→ The task:
The full set of entries is to be printed exactly, with pictures excluded.

→ Records shown:
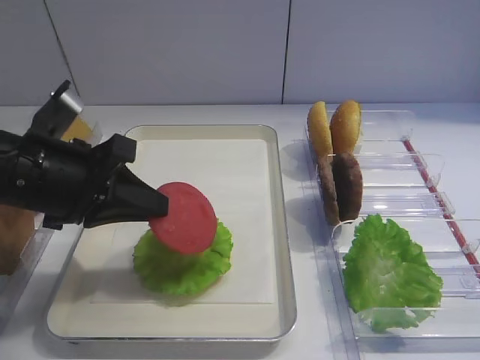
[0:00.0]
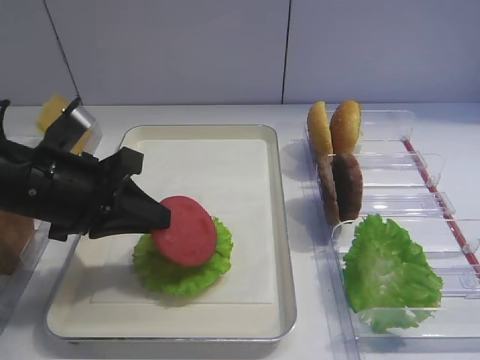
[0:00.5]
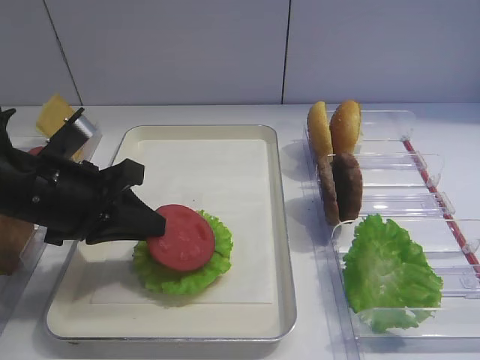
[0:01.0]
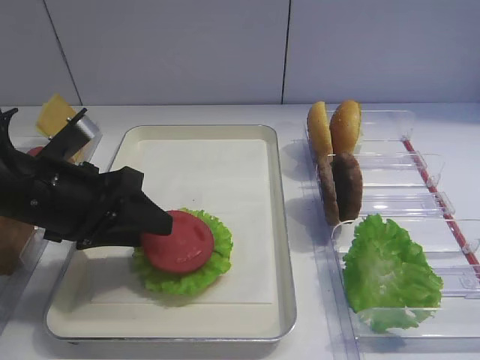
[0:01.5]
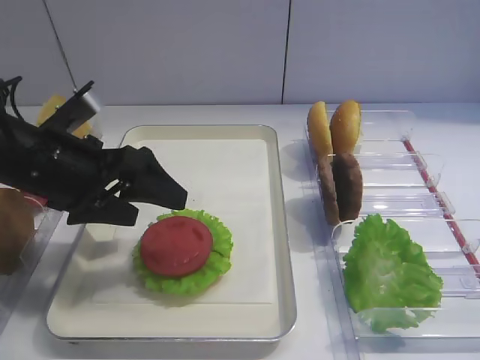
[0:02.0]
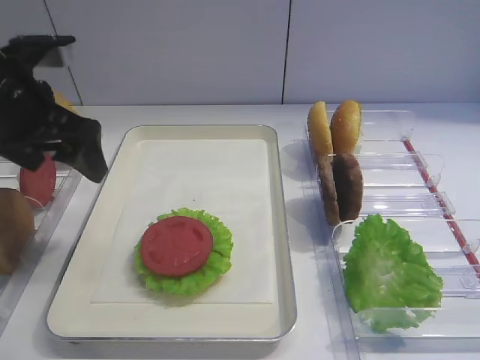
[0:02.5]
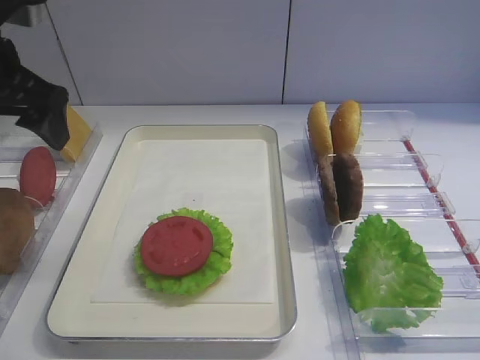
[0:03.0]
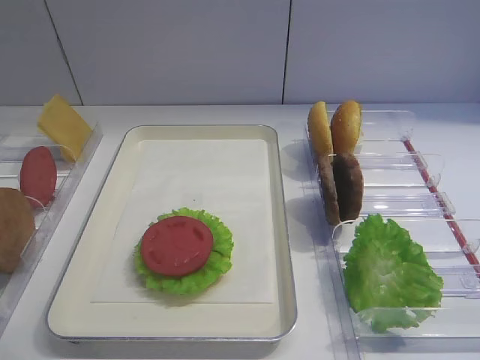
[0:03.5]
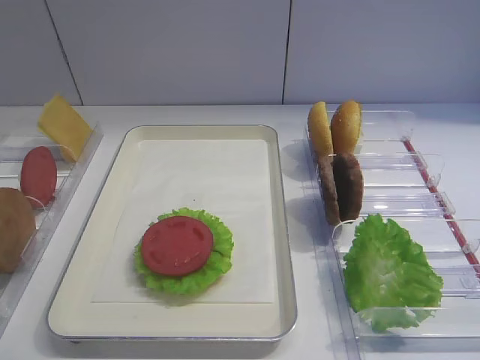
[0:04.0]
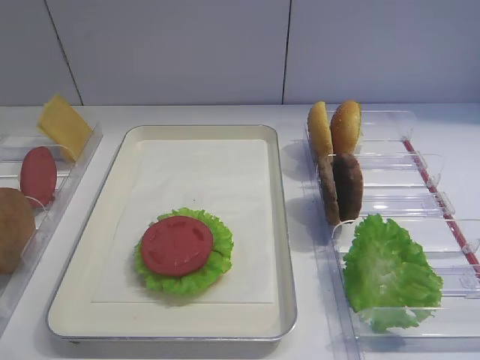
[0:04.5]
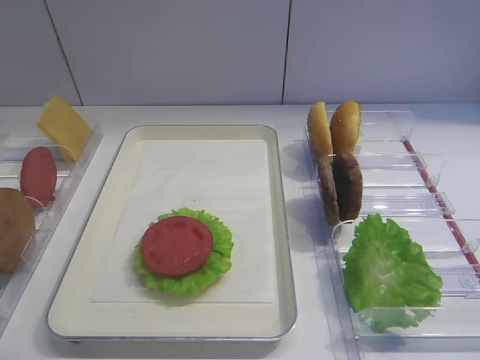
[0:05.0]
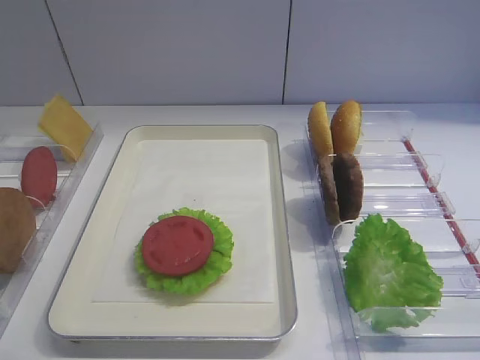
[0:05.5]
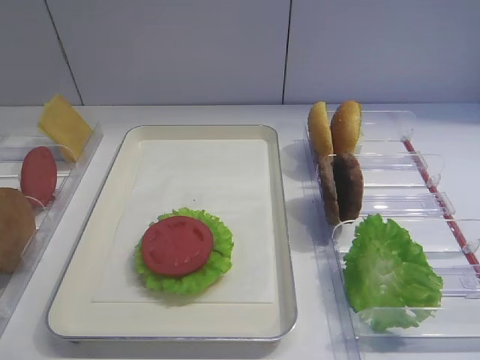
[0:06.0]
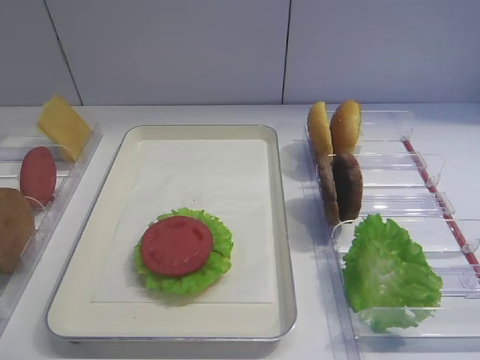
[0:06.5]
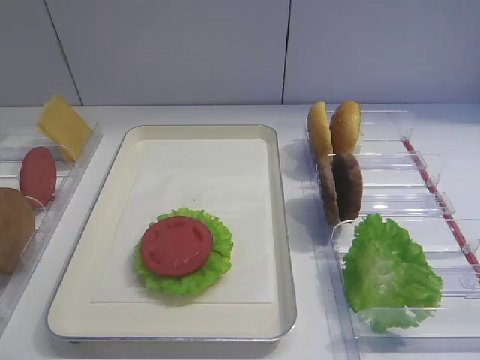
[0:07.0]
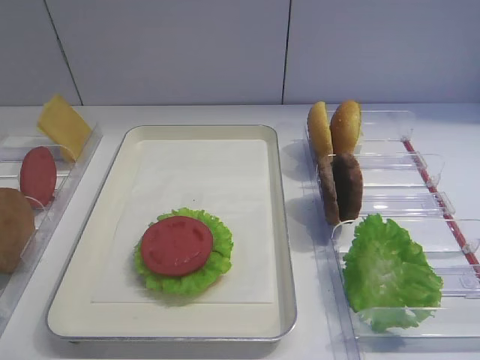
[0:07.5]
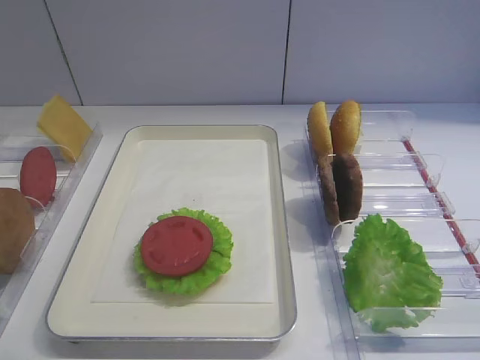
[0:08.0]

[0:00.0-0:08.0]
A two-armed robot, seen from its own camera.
0:00.0 to 0:02.0: The left gripper opens up.
0:02.0 to 0:04.0: The left gripper shifts approximately 30 cm upward, backward and to the left.

→ Solved problem:
[0:00.0]
[0:00.5]
[0:01.0]
[0:01.5]
[0:02.0]
[0:02.5]
[0:03.0]
[0:03.5]
[0:04.0]
[0:04.5]
[0:05.0]
[0:05.5]
[0:06.0]
[0:06.5]
[0:07.0]
[0:07.5]
[0:08.0]

[0:00.0-0:08.0]
A two-armed robot, seen from its own camera.
0:00.0 to 0:02.0: The left gripper opens up.
0:02.0 to 0:04.0: The left gripper shifts approximately 30 cm upward, backward and to the left.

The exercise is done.